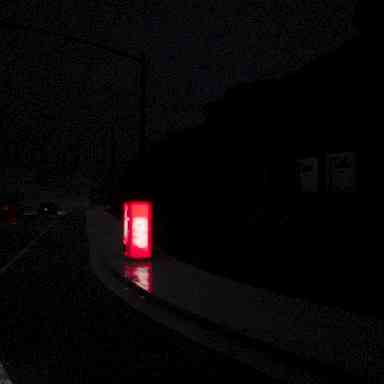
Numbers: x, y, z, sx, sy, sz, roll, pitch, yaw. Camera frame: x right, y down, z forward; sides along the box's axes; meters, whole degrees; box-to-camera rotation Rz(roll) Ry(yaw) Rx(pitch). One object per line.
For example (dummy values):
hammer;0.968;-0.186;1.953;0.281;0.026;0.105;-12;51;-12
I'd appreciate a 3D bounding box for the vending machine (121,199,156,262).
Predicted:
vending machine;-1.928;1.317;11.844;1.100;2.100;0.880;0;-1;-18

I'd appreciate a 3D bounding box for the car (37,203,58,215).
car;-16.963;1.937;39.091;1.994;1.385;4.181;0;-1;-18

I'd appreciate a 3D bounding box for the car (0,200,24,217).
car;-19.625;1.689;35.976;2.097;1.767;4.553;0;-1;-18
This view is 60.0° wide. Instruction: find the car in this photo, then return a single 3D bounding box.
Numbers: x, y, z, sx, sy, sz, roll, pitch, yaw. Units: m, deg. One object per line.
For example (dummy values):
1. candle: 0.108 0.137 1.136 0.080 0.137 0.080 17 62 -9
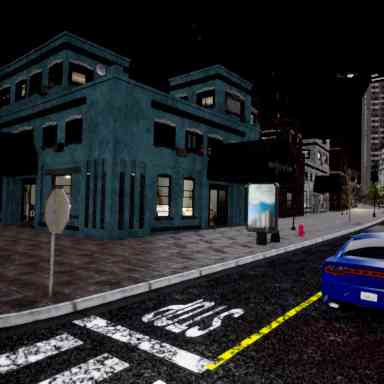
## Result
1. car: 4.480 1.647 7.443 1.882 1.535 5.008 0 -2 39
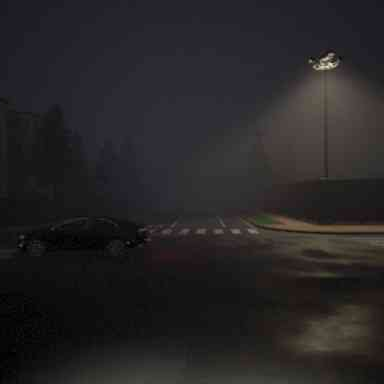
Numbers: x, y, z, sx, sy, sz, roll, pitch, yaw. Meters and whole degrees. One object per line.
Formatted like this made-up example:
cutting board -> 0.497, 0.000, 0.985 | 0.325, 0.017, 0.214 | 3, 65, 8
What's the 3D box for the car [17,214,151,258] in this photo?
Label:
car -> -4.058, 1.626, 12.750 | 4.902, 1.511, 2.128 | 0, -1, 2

BRIEF: In the transcription, every picture is to be excluded and the records above given again exactly.

REPLY:
Numbers: x, y, z, sx, sy, sz, roll, pitch, yaw. Camera frame: x right, y down, z forward; sides along the box's axes; meters, whole degrees; box-to-camera rotation Rz(roll) Ry(yaw) Rx(pitch). One object per line.
For example (dummy values):
hammer;0.968;-0.186;1.953;0.281;0.026;0.105;-12;51;-12
I'd appreciate a 3D bounding box for the vending machine (121,199,156,262).
Predicted:
vending machine;-1.928;1.317;11.844;1.100;2.100;0.880;0;-1;-18

I'd appreciate a 3D bounding box for the car (37,203,58,215).
car;-16.963;1.937;39.091;1.994;1.385;4.181;0;-1;-18

I'd appreciate a 3D bounding box for the car (0,200,24,217).
car;-19.625;1.689;35.976;2.097;1.767;4.553;0;-1;-18
This view is 60.0° wide. Instruction: find the car in this photo, then return a single 3D bounding box.
Numbers: x, y, z, sx, sy, sz, roll, pitch, yaw. Units: m, deg. One object per line.
For example (dummy values):
1. candle: 0.108 0.137 1.136 0.080 0.137 0.080 17 62 -9
## Result
1. car: 4.480 1.647 7.443 1.882 1.535 5.008 0 -2 39
Numbers: x, y, z, sx, sy, sz, roll, pitch, yaw. Meters and whole degrees. One object per line.
Formatted like this made-up example:
cutting board -> 0.497, 0.000, 0.985 | 0.325, 0.017, 0.214 | 3, 65, 8
What's the 3D box for the car [17,214,151,258] in this photo?
Label:
car -> -4.058, 1.626, 12.750 | 4.902, 1.511, 2.128 | 0, -1, 2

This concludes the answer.